Charlie pretends that he and is daughter are strangers, which is in part true at the moment. More importantly, it is a sign of what is to come – Charlie fears that he is losing his daughter and that he is running out of time to get to know her before she is an adult. In this conversation we see a vision of Charlie come back to Paris, years later, when his daughter is an adult, as he pretends here, and is also a stranger to him.

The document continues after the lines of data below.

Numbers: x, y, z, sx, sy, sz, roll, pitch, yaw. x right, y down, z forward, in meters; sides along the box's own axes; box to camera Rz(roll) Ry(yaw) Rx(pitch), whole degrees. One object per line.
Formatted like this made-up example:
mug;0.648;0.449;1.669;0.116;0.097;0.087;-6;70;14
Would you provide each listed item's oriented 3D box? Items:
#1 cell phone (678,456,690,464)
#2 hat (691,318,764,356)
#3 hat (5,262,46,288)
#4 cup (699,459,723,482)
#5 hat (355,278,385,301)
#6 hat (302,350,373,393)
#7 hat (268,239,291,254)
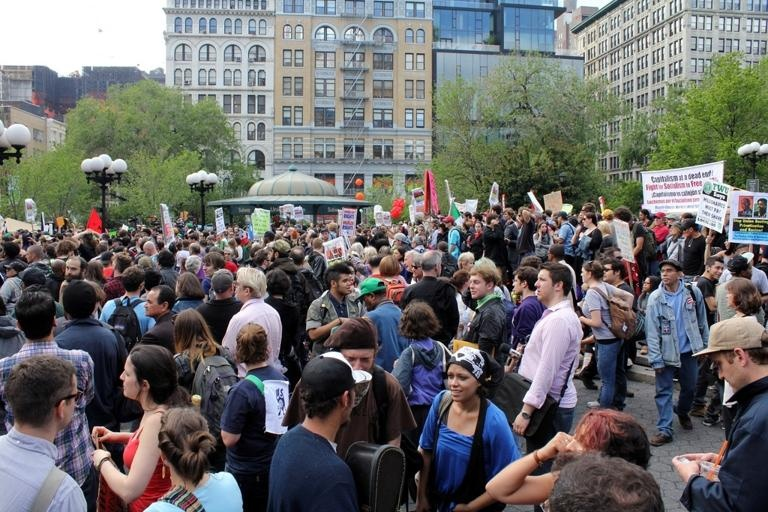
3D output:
cell phone;3.539;2.407;10.407;0.131;0.072;0.193;3;7;16
hat;4.191;0.958;10.550;0.589;0.296;0.392;-9;-5;14
hat;-6.196;0.333;15.220;0.477;0.175;0.310;17;10;29
cup;3.794;2.535;10.233;0.173;0.145;0.187;4;-10;1
hat;-0.170;0.504;13.552;0.392;0.326;0.367;0;6;-2
hat;-0.354;1.360;10.352;0.640;0.372;0.402;-19;19;-41
hat;-1.979;-0.140;16.546;0.363;0.233;0.240;8;23;26
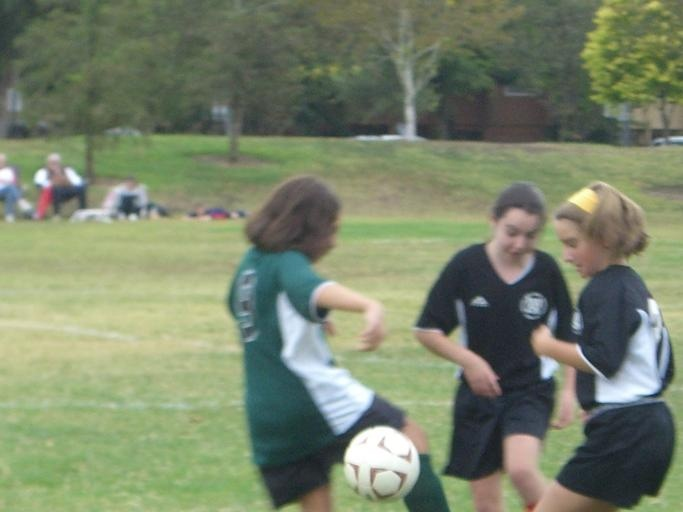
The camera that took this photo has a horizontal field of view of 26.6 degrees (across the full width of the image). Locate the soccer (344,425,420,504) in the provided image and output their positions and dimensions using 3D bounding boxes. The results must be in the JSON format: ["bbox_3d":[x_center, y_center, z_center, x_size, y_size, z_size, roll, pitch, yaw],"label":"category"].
[{"bbox_3d":[0.241,1.129,7.879,0.467,0.398,0.414,-7,-10,2],"label":"soccer"}]
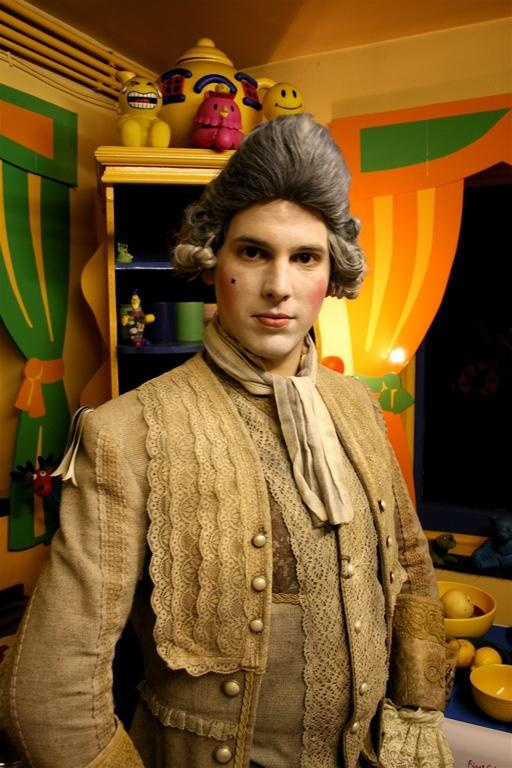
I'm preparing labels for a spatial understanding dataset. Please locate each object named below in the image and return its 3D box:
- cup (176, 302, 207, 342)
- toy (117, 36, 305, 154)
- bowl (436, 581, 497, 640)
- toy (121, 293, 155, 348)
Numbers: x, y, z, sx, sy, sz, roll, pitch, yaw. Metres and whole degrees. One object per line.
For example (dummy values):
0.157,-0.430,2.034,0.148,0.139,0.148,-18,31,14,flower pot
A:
-0.173,-0.162,1.704,0.101,0.108,0.101,0,7,0,cup
-0.095,-0.671,1.595,0.444,0.275,0.301,-1,11,-7,toy
0.498,0.511,1.560,0.161,0.091,0.156,0,-2,0,bowl
-0.296,-0.157,1.631,0.088,0.126,0.075,-6,15,-28,toy
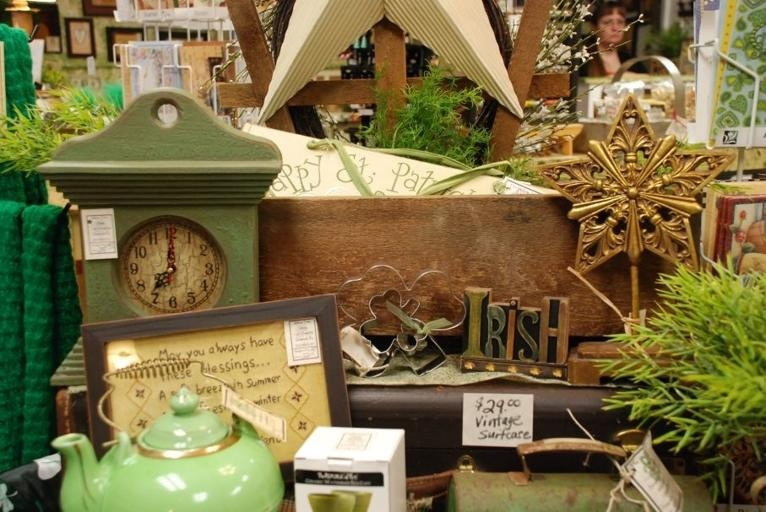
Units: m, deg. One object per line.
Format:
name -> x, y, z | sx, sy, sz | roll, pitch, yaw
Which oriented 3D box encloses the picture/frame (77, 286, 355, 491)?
picture/frame -> -0.409, 0.336, 1.857 | 0.528, 0.351, 0.040 | -7, -3, -11
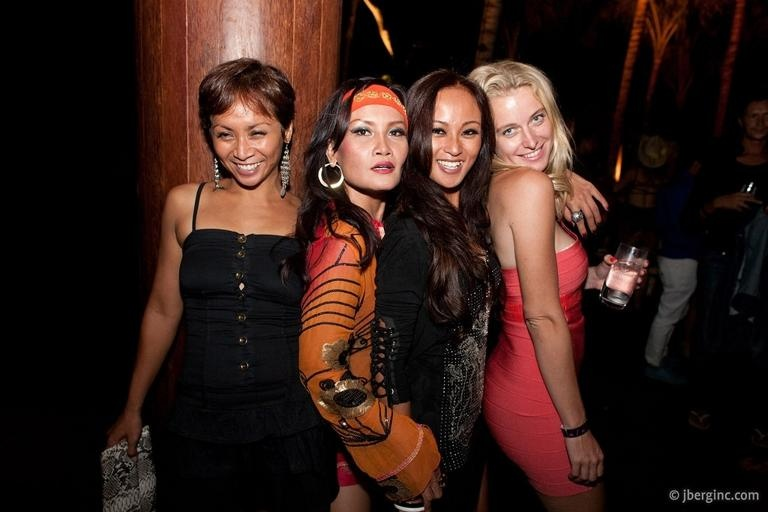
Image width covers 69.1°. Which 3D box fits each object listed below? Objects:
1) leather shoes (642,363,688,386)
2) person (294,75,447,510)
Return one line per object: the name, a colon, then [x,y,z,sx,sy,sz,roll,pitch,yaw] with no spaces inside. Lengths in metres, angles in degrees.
leather shoes: [3.371,1.420,6.684,0.478,0.210,0.180,5,35,25]
person: [-0.107,0.229,3.541,0.888,2.647,0.854,-1,12,-10]
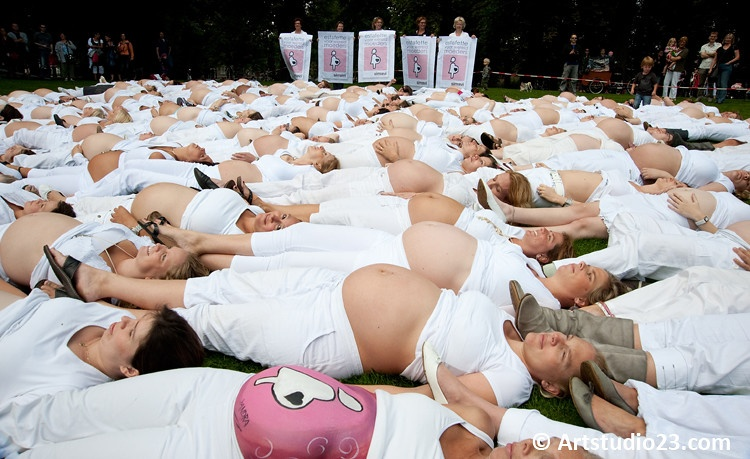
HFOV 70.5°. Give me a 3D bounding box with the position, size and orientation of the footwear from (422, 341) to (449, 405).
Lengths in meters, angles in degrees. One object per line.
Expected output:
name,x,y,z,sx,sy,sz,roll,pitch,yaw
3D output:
footwear,0.584,1.427,5.268,0.150,0.572,0.204,-11,-4,16

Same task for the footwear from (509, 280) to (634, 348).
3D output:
footwear,2.091,1.033,5.845,1.656,0.598,0.546,6,38,4

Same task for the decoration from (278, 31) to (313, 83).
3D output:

Going over it again brought Helen nearer, and in the white, soft light that steals upon half sleep near morning he found himself talking to her again. She said that he was perfectly right about Honoria and that she wanted Honoria to be with him. She said she was glad he was being good and doing better. She said a lot of other things – very friendly things – but she was in a swing in a white dress, and swinging faster and faster all the time, so that at the end he could not hear clearly all that she said. (3.57)

One interpretation of this passage is that it is an example of Charlie's tendency toward justification and self-delusion. Just as he pretends that he didn't leave his address for Duncan at the Ritz, he pretends that his wife gives permission for him to have Honoria, in order to ease his conscience.

Back at his hotel, Charlie found a pneumatique that had been redirected from the Ritz bar where Charlie had left his address for the purpose of finding a certain man. (4.10)

The "certain man" is, of course, Duncan Schaeffer. This is a genius line on Fitzgerald part. It subtly reminds us that Charlie left his address for Duncan, (which we will need to remember in about two pages, at the end of the story), yet hints that the action at the story's start is already fading from Charlie's mind. In Charlie's memory, he left an address for a certain man – not for Duncan. This sets us up for Charlie's forgetfulness at the story's conclusion.

"No, no more," he said to another waiter. "What do I owe you?"

He would come back some day; they couldn't make him pay forever. (5.16-7)

These are two loaded statements at the end of the story. Charlie wonders what he owes the waiter for his tab, but he's also wondering how much more he has to pay before he's redeemed himself from past mistakes.